Download files

Dear All,

I am using the following regular expression to import logFiles:

python /var/www/piwik/misc/log-analytics/import_logs.py --url=https://XYZ /media/ezproxy/ezp20150729.log --idsite=35 --dry-run --log-format-regex=’(?P.)\s-\s[a-zA-Z0-9-].[(?P.?) (?P.?)] “(?P.?)"\s(?P\S+) (?P\S+)\s"(?P<user_agent>.?)”\s"(?P.*?)"’ --recorders=4 --enable-http-errors --enable-http-redirects --download-extensions=csd,ccs,dmg,enf,ens,enz,7z,aac,arc,arj,asf,asx,avi,bin,csv,deb,dmg,doc,docx,exe,gzip,hqx,jar,mpg,mp2,mp3,mp4,mpeg,mov,movie,msi,msp,odb,odf,odg,odp,ibooks,jar,mpg,mp2,mp3,mp4,mpeg,mov,movie,msi,msp,odb,odf,odg,odp,ods,odt,ogg,ogv,pdf,phps,ppt,pptx,qt,qtm,ra,ram,rar,rpm,sea,sit,tar,tbz,bz2,tgz,torrent,txt,wav,wma,wmv,wpd,xls,xlsx,xml,xsd,z,zip,azw3,epub,mobi,apk,flv,gz

This works fine, except the download files are not counted in the Piwik Backend (empty download file report); in contrast, in the --dry-run modus the download files are recognized.

When I use --log-format-name=common instead of the regular expression, there are about one third of unknown lines but download files are counted.
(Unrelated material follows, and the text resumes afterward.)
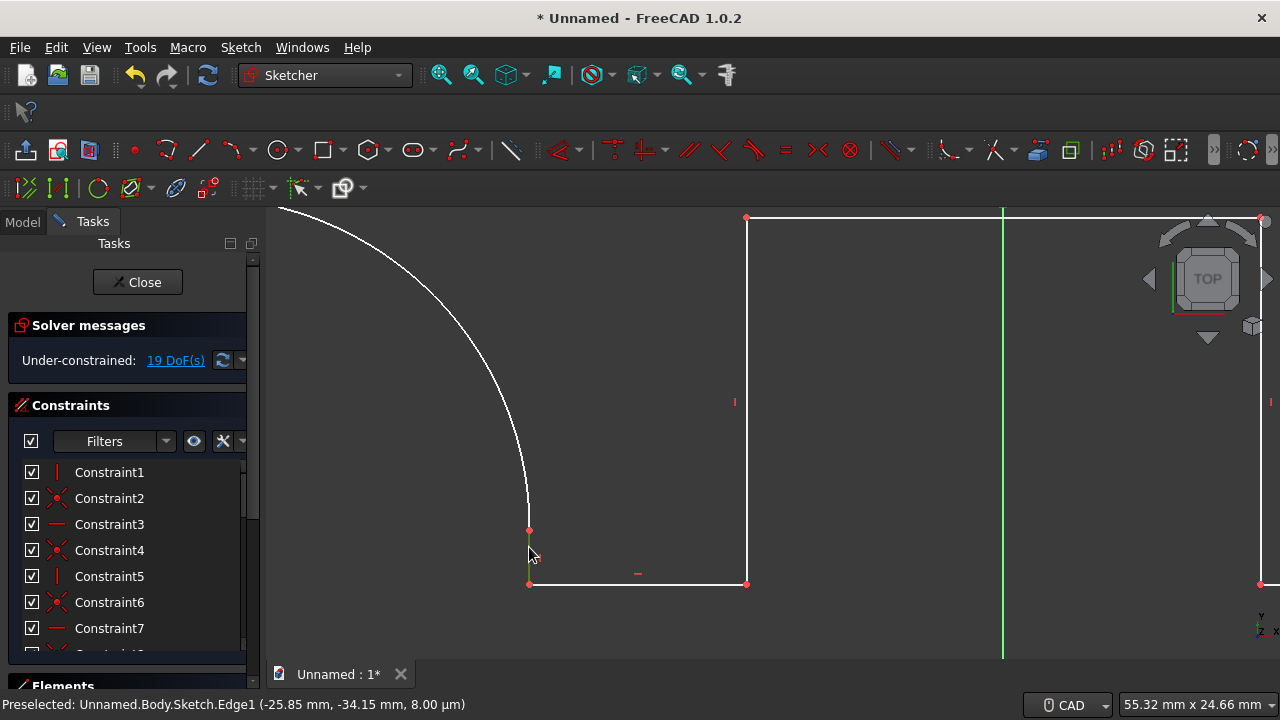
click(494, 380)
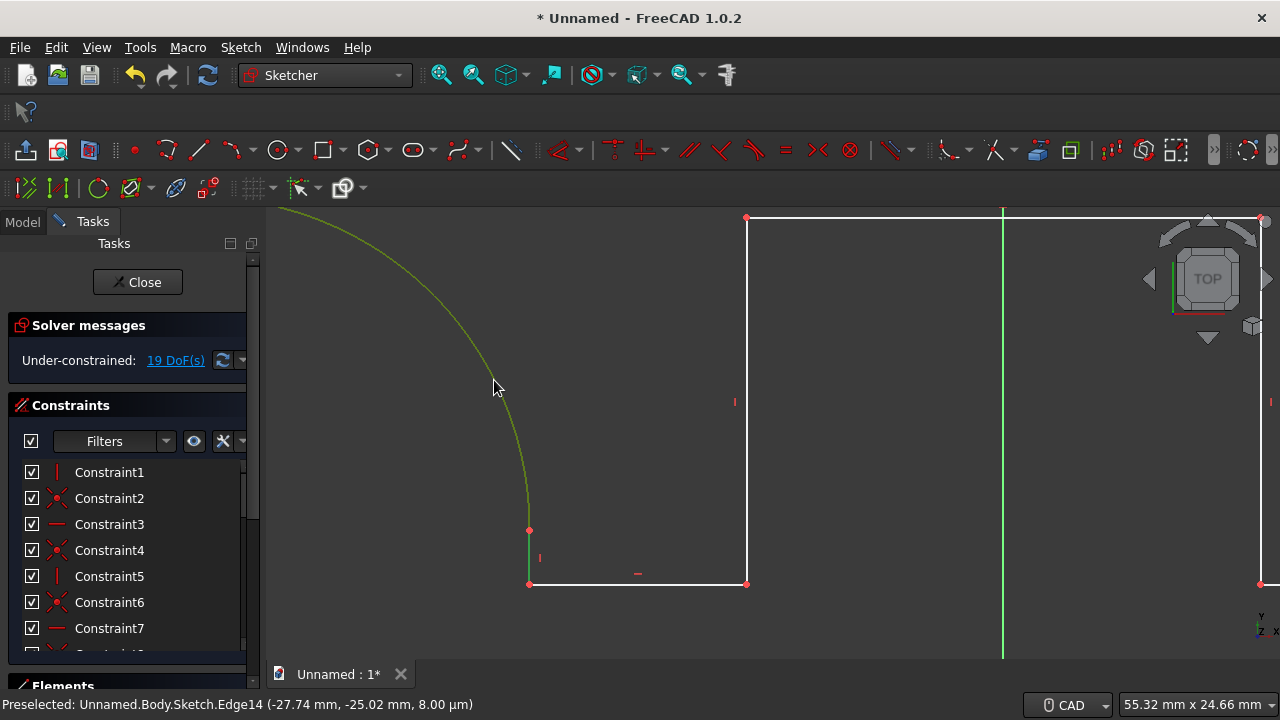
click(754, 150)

Furthermore, with --log-format-name=common the browser types are not analyzed which is the case with the regular expression.
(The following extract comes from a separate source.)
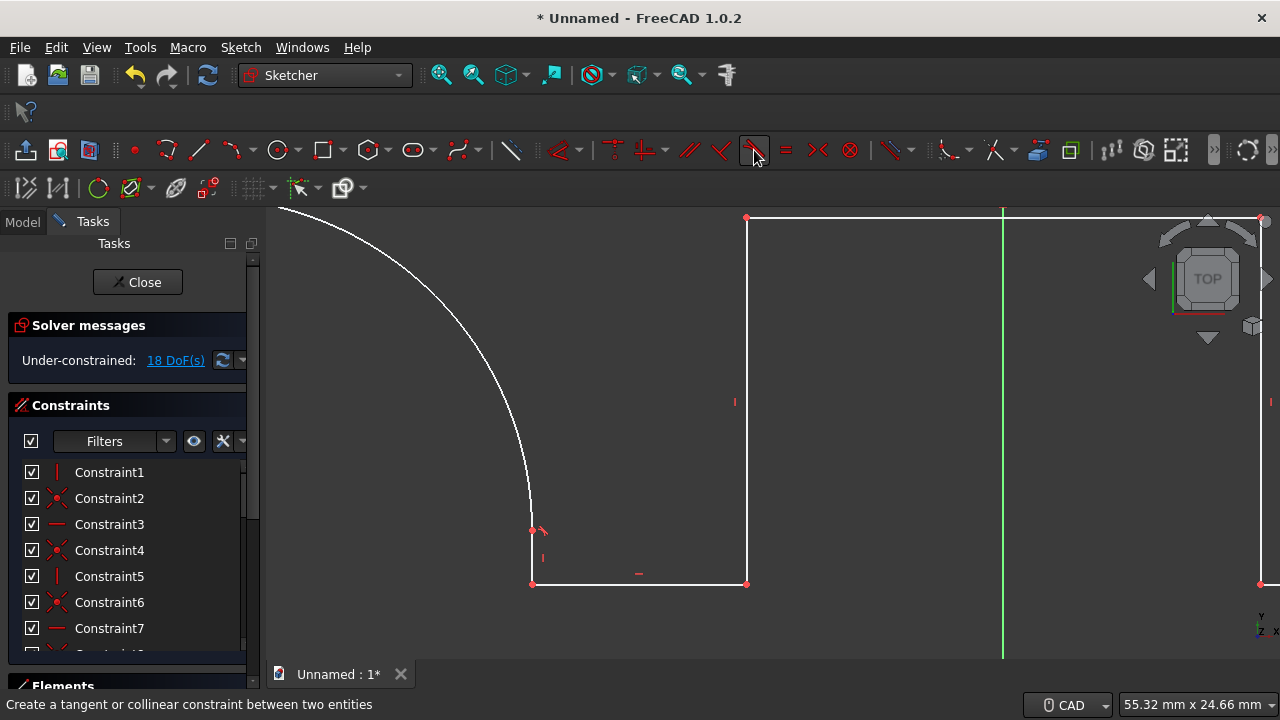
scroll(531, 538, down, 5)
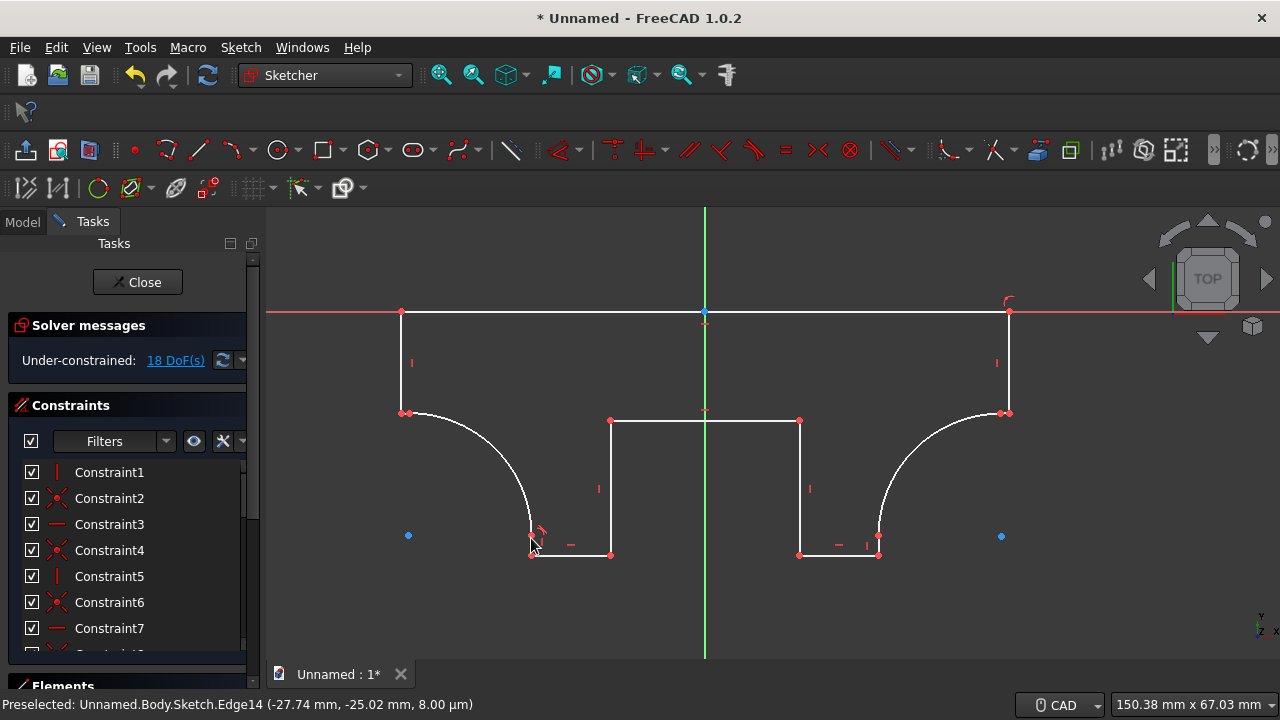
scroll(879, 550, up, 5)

Has anyone an idea how to solve these problems?

Thank you!

Best
mucctecc

This is the Logs import summary from last night; there are 24132 downloads recognized but I cannot see any download statistic in Piwik, i.e. there are zero download files for yesterday:


880754 requests imported successfully
24132 requests were downloads
25079 requests ignored:
    0 HTTP errors
    0 HTTP redirects
    0 invalid log lines
    0 requests did not match any known site
    0 requests did not match any --hostname
    316 requests done by bots, search engines...
    24763 requests to static resources (css, js, images, ico, ttf...)
    0 requests to file downloads did not match any --download-extensions

Website import summary

880754 requests imported to 1 sites
    1 sites already existed
    0 sites were created:

0 distinct hostnames did not match any existing site:

Performance summary

Total time: 2563 seconds
Requests imported per second: 343.61 requests per second

Hi there,

can you try without the parameter --download-extensions - maybe this will work better?
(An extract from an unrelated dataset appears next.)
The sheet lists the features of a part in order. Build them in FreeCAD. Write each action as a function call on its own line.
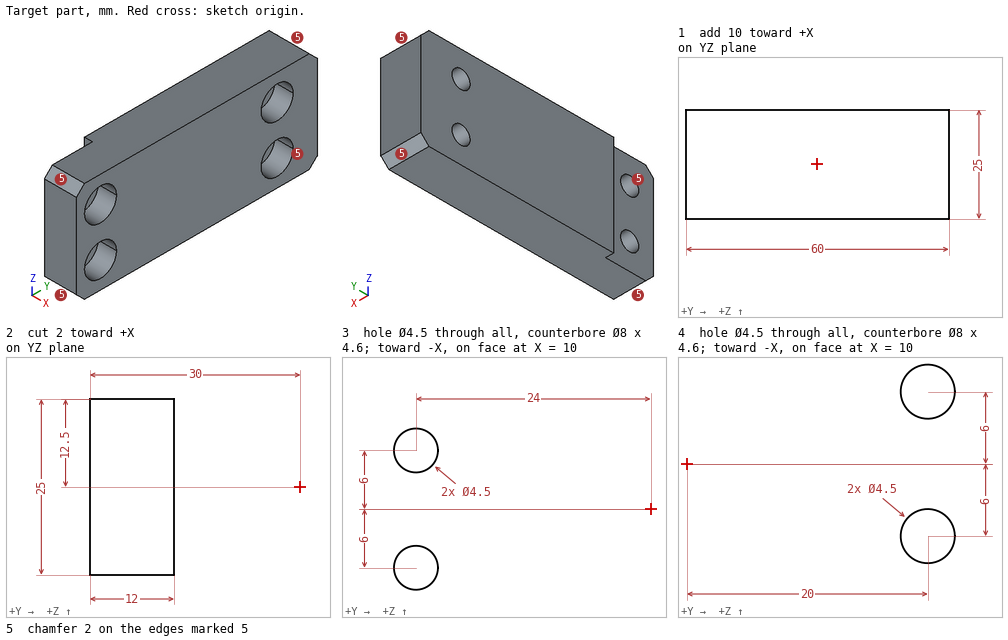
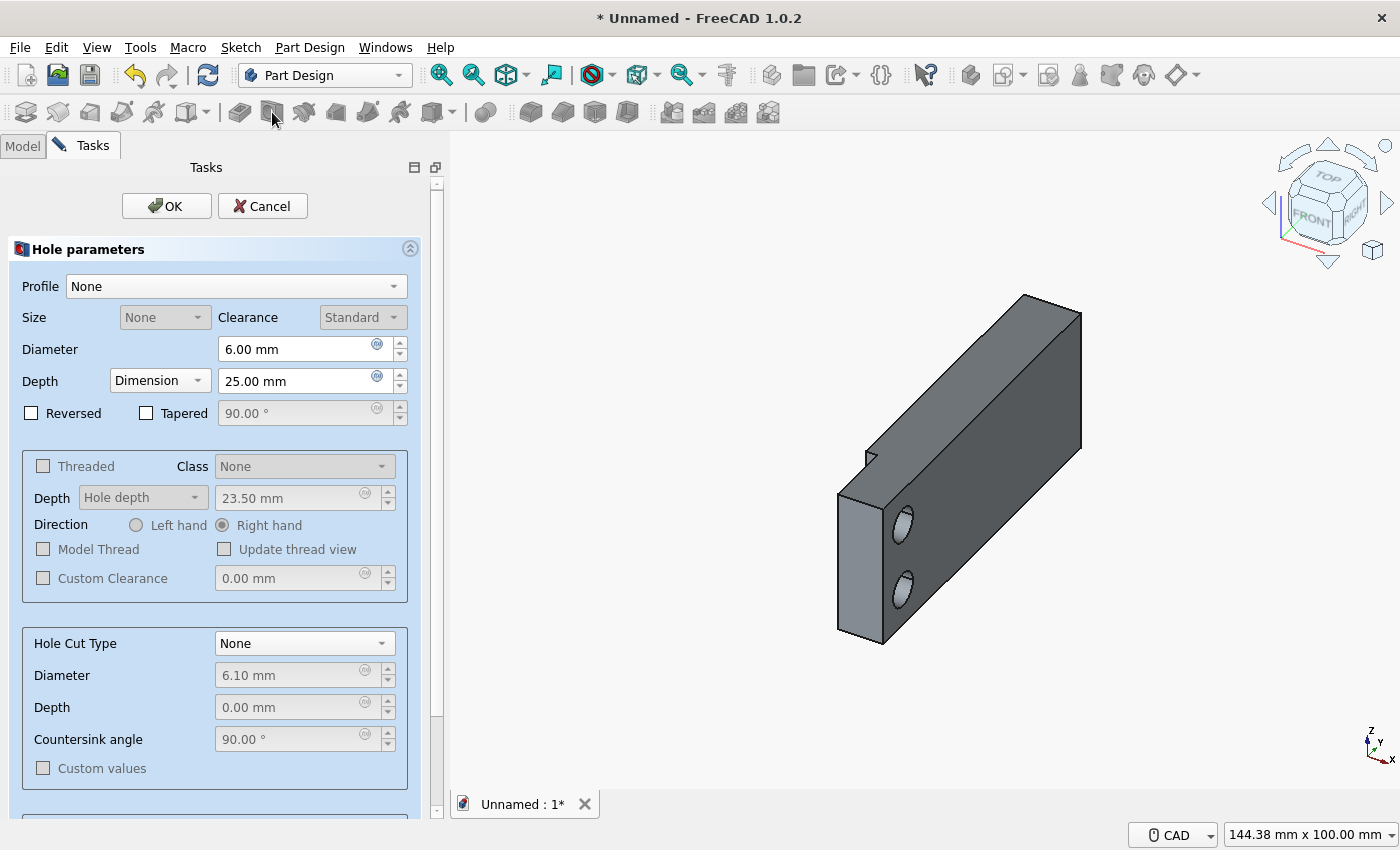
triple_click(305, 349)

if you think this is a bug in Log Analytics, please create a bug report at: Issues · matomo-org/piwik-log-analytics · GitHub with a small log file of a few lines that can be used to reproduce the issue, and commands used, etc.

I definitely need the additional file types csd, ccs, dmg, enf, ens and enz. I think, I will add these file types directly in import_logs.py …

If this is not working, I will create a bug report.

Thank you for your help.

Okay, I reproduced the problem with some sample data, I will create a bug report.

There is no difference whether I use the --download-extensions parameter or not (I extended the download list in import_logs.py).